What the task asks:
Provide only the number of lines in the records below that contain "pattern".
(Provided records Opens)
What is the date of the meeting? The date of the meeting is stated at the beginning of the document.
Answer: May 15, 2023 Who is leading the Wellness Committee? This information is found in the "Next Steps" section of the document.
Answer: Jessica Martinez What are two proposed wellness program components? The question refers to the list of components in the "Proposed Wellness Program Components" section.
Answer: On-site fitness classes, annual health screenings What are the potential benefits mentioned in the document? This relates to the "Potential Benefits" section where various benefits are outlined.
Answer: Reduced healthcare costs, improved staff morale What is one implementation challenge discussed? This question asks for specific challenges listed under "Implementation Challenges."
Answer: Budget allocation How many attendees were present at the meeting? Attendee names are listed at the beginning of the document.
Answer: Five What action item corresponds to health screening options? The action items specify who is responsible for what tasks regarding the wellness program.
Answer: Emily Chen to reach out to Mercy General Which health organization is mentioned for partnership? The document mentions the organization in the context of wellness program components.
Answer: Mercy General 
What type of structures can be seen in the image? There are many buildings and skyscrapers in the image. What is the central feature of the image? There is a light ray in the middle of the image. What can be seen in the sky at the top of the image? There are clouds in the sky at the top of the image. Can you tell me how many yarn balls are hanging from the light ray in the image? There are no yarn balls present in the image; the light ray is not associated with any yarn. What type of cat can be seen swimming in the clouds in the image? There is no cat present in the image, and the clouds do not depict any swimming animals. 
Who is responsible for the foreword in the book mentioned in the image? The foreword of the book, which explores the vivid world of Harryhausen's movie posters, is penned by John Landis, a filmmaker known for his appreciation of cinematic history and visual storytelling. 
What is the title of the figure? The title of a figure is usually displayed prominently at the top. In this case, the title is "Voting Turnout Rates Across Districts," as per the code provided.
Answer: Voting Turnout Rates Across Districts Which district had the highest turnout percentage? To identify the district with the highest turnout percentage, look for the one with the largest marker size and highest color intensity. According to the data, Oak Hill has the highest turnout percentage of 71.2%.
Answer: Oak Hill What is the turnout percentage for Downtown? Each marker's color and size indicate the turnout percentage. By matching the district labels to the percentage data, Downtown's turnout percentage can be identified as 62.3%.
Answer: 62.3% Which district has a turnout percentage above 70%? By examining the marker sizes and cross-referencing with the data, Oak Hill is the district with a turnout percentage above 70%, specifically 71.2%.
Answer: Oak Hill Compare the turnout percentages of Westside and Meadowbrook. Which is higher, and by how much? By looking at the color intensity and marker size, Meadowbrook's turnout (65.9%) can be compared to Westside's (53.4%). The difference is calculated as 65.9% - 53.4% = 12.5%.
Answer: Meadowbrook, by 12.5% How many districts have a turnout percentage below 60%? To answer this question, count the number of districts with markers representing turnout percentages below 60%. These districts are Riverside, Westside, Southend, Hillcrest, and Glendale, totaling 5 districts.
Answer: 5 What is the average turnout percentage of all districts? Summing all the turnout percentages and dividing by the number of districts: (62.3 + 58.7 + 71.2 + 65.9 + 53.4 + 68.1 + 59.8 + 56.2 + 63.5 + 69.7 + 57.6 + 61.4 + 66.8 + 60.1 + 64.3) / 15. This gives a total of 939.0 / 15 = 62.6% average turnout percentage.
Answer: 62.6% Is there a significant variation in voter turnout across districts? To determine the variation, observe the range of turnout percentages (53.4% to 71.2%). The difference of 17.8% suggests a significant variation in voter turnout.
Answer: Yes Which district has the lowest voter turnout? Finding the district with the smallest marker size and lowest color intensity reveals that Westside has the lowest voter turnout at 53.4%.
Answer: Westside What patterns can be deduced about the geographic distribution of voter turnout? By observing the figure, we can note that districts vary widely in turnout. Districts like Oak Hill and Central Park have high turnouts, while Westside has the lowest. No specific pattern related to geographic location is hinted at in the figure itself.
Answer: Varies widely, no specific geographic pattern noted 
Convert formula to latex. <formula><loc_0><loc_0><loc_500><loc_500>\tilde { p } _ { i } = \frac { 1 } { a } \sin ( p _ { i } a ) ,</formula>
(Provided records Closes)
Exercise result:
2